■ RECORDS TO USE ■
______
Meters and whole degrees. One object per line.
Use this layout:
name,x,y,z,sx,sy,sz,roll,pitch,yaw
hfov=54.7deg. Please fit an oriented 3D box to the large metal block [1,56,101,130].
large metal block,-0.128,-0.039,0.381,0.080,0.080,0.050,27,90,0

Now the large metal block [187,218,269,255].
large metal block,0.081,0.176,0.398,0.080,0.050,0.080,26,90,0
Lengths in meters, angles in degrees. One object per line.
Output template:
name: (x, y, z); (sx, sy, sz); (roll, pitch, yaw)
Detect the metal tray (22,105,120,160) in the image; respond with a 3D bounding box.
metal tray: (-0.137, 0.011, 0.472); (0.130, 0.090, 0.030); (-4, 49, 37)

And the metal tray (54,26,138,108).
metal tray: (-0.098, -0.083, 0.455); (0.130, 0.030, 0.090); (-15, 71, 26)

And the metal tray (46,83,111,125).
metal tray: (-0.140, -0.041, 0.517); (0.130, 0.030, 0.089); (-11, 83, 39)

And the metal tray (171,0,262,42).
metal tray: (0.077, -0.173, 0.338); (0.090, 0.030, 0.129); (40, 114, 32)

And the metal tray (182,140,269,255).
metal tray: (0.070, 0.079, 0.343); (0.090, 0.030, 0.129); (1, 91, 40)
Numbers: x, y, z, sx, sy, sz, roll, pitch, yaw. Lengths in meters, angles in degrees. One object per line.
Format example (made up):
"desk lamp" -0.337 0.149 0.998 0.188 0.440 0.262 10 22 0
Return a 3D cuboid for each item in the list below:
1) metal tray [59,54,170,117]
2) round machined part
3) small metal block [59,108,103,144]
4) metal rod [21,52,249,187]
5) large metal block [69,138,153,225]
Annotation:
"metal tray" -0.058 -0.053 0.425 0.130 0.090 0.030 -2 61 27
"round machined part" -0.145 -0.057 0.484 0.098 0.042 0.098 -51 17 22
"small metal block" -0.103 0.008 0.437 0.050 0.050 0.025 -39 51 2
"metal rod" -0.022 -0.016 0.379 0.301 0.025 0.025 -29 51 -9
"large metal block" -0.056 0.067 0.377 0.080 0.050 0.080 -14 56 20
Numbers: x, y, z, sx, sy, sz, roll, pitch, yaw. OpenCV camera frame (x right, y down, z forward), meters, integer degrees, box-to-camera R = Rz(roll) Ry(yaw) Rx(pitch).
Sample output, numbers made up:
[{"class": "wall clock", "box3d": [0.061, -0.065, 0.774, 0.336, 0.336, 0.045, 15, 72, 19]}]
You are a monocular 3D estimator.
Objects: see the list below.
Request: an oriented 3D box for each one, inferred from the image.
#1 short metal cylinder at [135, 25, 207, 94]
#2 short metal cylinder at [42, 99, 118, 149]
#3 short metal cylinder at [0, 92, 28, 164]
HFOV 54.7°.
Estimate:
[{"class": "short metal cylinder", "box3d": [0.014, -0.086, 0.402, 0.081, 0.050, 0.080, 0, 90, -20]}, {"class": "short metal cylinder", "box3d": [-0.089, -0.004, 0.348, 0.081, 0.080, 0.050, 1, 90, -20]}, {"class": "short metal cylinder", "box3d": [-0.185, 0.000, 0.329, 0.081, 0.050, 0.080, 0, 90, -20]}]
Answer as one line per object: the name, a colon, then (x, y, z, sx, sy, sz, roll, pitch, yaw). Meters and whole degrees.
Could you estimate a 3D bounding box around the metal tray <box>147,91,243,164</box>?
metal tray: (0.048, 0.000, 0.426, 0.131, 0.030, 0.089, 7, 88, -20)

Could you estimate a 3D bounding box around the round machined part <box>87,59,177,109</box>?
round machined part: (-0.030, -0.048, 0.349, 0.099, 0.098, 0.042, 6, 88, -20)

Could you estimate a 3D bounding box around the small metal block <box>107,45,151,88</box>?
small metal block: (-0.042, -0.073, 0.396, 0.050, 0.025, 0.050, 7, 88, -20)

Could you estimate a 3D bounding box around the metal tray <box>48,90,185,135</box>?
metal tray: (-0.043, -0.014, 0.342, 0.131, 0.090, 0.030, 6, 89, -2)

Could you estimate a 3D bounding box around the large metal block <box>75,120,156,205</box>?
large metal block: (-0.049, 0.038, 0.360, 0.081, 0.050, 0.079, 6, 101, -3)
______
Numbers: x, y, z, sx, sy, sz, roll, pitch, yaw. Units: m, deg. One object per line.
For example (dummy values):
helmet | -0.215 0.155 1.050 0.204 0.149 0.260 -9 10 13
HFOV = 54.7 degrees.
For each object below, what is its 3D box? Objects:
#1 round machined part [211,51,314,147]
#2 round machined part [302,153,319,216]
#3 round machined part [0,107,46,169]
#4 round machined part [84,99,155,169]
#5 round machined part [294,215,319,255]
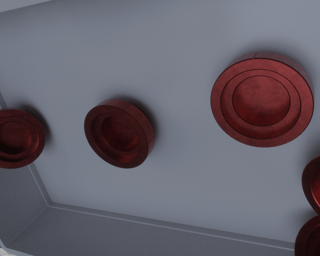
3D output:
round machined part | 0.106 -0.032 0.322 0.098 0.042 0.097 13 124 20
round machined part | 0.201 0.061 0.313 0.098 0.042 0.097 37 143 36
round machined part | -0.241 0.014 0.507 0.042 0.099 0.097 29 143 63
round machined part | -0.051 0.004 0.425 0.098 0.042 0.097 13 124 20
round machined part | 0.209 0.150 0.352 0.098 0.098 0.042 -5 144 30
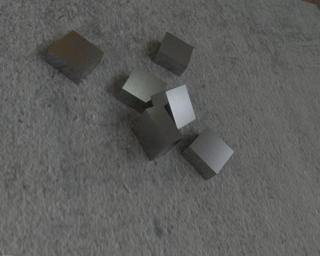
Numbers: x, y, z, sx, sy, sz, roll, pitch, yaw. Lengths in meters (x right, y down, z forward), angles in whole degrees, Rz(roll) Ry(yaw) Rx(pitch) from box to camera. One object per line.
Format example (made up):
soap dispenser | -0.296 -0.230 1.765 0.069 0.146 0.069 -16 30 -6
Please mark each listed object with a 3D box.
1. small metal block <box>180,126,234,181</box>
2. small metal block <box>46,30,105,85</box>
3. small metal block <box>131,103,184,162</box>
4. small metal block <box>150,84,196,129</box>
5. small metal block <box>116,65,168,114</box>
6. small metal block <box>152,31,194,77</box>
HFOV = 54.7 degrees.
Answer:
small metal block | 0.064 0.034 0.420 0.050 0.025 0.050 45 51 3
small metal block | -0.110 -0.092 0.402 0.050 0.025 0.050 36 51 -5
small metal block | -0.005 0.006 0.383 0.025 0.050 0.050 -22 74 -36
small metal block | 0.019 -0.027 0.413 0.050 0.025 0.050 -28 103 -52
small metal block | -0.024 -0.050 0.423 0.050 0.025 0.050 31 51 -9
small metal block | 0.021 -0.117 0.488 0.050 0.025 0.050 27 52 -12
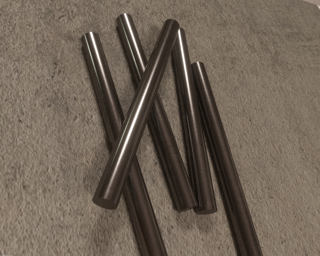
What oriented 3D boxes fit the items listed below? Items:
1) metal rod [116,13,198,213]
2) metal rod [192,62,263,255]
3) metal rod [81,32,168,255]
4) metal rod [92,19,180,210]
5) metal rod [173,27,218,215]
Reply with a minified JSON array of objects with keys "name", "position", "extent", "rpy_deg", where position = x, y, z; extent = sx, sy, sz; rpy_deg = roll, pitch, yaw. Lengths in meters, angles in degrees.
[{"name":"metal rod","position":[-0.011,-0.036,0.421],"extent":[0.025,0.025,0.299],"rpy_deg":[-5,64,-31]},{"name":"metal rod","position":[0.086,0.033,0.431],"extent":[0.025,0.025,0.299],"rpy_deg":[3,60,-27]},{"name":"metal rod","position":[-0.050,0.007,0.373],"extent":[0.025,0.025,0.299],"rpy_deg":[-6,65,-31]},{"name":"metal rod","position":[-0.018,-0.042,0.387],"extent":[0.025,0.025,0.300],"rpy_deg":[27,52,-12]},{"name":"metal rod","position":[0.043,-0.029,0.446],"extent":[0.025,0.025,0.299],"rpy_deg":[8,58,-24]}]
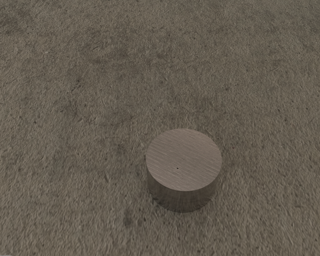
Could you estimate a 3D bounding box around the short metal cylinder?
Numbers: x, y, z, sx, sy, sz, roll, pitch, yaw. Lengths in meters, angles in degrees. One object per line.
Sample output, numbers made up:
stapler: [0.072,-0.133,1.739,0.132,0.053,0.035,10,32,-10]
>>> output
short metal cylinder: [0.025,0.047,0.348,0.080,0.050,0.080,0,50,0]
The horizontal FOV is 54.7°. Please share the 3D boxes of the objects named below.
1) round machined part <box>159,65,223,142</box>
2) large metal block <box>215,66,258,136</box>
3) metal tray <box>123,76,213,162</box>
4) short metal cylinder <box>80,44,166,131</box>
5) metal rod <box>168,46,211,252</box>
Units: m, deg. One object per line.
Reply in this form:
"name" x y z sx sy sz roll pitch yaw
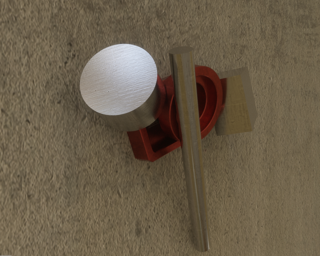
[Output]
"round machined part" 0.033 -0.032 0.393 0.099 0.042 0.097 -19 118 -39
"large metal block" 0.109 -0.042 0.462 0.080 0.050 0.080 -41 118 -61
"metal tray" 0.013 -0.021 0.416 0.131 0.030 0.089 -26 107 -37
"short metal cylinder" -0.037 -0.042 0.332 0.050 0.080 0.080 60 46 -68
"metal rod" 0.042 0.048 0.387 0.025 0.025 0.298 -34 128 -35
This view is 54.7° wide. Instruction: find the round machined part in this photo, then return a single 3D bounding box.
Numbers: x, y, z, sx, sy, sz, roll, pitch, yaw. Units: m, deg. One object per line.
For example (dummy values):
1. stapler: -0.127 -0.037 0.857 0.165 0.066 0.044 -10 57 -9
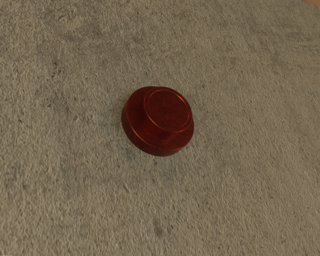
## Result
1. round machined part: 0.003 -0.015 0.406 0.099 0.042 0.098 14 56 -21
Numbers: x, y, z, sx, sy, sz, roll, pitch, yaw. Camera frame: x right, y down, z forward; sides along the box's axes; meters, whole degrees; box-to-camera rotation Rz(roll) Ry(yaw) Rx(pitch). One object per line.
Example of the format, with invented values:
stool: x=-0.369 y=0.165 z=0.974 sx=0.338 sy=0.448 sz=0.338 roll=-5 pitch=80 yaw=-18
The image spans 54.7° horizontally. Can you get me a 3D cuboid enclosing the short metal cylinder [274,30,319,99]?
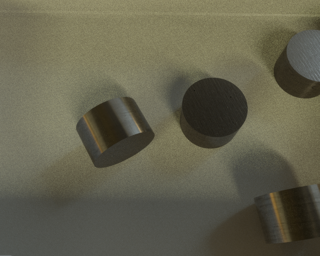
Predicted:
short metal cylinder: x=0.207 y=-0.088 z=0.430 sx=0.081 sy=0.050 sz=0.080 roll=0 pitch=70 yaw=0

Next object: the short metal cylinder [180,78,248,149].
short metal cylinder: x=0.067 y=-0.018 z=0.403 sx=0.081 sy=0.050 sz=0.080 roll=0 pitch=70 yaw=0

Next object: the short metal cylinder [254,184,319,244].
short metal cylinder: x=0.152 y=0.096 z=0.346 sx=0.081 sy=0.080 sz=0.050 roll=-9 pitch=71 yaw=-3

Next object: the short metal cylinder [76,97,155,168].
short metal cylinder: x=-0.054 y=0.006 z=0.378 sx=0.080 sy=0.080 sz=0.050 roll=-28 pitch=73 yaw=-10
______
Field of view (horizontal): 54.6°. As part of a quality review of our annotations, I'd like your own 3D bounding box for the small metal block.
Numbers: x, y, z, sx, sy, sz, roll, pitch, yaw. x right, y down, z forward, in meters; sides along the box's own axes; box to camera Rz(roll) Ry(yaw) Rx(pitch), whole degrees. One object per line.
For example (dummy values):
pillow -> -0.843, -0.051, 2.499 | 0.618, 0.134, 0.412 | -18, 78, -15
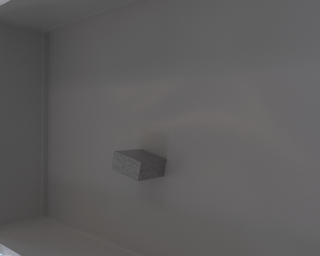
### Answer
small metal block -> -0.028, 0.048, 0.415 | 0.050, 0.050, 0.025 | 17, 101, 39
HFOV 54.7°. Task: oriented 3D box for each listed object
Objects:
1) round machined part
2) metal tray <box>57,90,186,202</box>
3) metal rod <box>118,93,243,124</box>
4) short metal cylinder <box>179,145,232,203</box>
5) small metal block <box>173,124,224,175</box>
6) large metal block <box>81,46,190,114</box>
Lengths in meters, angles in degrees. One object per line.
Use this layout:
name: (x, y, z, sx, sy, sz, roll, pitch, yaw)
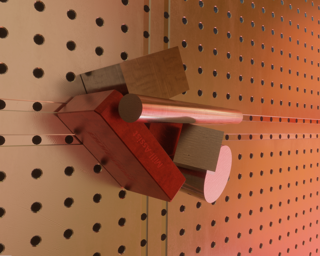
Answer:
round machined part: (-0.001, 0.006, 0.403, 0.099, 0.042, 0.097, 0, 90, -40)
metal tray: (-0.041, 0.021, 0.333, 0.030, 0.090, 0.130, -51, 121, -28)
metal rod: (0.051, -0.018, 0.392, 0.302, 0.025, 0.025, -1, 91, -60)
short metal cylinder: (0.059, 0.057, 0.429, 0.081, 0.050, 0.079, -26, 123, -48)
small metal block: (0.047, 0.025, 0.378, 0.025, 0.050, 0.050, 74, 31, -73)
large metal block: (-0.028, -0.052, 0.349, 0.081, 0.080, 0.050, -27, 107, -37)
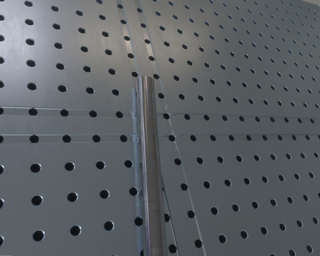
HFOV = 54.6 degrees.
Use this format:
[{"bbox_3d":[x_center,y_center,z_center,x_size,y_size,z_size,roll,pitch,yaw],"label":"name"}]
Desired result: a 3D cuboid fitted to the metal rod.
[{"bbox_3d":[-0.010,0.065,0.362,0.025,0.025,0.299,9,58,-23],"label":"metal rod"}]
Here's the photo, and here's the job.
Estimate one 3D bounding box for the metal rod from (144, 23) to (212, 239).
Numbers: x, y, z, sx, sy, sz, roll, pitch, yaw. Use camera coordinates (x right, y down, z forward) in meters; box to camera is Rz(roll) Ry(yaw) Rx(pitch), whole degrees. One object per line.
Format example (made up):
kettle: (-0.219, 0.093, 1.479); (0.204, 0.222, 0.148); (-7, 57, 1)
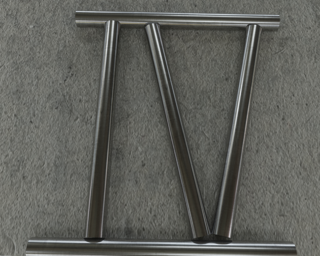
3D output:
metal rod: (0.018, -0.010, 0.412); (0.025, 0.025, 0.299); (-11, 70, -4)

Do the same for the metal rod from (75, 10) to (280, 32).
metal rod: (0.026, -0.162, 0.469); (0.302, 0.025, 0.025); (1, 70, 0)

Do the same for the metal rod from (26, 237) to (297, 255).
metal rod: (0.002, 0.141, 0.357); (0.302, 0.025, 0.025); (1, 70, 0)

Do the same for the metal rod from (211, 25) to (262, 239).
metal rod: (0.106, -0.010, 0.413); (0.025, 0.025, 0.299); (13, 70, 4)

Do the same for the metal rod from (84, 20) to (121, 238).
______
■ YOUR INSTRUCTIONS ■
Keep both end lines and retype everything in the records above from the line containing "hfov=54.7deg. Please fit" through the line containing "name: (x, y, z);", exactly, with nothing else.

■ TASK RESULT ■
hfov=54.7deg. Please fit an oriented 3D box to the large metal block [1,56,101,130].
large metal block,-0.128,-0.039,0.381,0.080,0.080,0.050,27,90,0

Now the large metal block [187,218,269,255].
large metal block,0.081,0.176,0.398,0.080,0.050,0.080,26,90,0
Lengths in meters, angles in degrees. One object per line.
Output template:
name: (x, y, z); (sx, sy, sz); (roll, pitch, yaw)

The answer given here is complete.